A conjunção de mestria vocabular com o bom aproveitamento do espaço, já antes da Semana chamava a atenção de Alceu Amoroso Lima, que nele distinguiu o primeiro moderno. Já revelava, aí, o gosto pelo jogo de sons que seria uma das marcas da poesia brasileira meio século depois da estréia do poeta de Nós.


Tanto nos poemas de "Simplicidade" como nos de "Suave colheita", havia um modo poético separado de parnasianismos e simbolismos. Como neste começo de "O último soneto": "Vivi. Quando cheguei, trazia os olhos cheios /da saudade de um céu que foi meu mundo antigo. / A vida me fez mau. E os homens, por castigo, / odiaram-me. E eu também, porque eram maus, odiei-os. // Sofri. Tudo o que tive - ideais, sonhos, anseios / naufragou numa pobre lágrima ... E, comigo, / mais de um homem chorou, mais de um me disse: "Amigo!" / A dor tornou-nos bons: perdoaram-me, perdoei-os..."

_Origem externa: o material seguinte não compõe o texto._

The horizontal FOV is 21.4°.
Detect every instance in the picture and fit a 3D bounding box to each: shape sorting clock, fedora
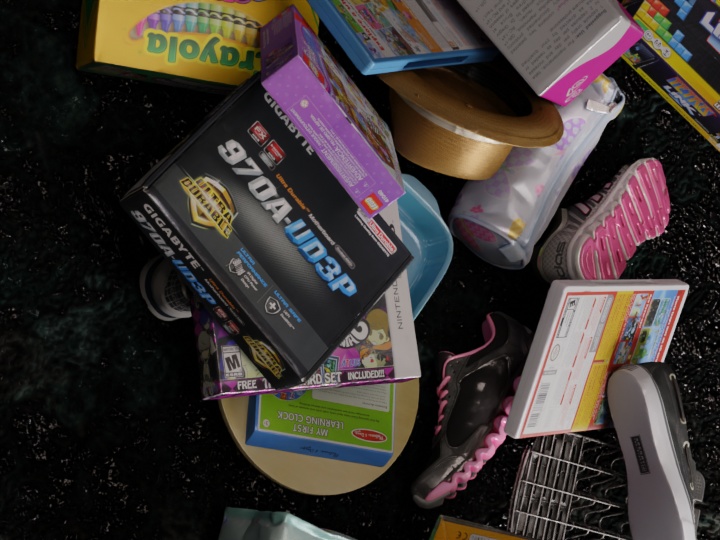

No desenvolver de toda sua obra, Guilherme de Almeida, embora modernista e revolucionário, não se prendeu a escolas e correntes. Fez questão de defender a sua solidão, certo de que, na literatura como em tudo o mais, só uma coisa é indestrutível: o trabalho - na convicção de que, antes do artesanato - antes mesmo da possibilidade de haver um problema de pura técnica - deve o lado moral do avanço ser resolvido.


É capaz, a escola literária, de ter uma função disciplinadora, até mesmo encaminhadora, desde que compreendida com realismo. Porque mais importante do que ela é o autor, e este deve abandoná-la em prazo útil, a fim de seguir sozinho. No fundo, porém, a solidão assusta. Faz medo. E o poeta, se não tiver coragem de ser o que é, pode acabar no vazio. A escola, não, esta protege. É normal que os componentes de determinada idéia estética - ou de um grupo, de uma geração - se defendam mutuamente. Quem está do lado da tese é sempre ótimo. Quem não deve ser atacado. Os adeptos de uma escola passam então a achar insuperáveis os poetas de seu grupo; e superados, os que a ele não pertençam.


No decorrer dos anos da revolução literária brasileira, houve muitas teses. O que foi bom - não é preciso que se repita porque literatura precisa de duas coisas: insubmissão e renovação. Mas a obediência a grupos acaba sendo submissão. Do ponto de vista geral, a seita pode provocar um salto para frente, embora, vista do ângulo de quem procura criar uma obra, seja um empecilho. O grande artista é sempre um participante e um solitário.


Como participante e solitário costuma ser o poeta que ama seu lugar e seu tempo, mas não se desprende de sua condição de combatente em favor do progresso de uma feitura, de uma conquista de liberdade e do dever de se realizar, de atingir a plenitude de si mesmo. Porque fazer poesia é também um modo de ir além dos limites que as formas, as fôrmas e as fórmulas nos impõem.


Sai agora, a segunda edição do livro "Sonetos de Guilherme de Almeida", lançado pela Academia Brasileira de Letras em parceria com a Academia Paulista de Letras e a Imprensa Oficial do Estado de São Paulo: é livro de um poeta de voz limpa que paira acima da linguagem poética do Brasil.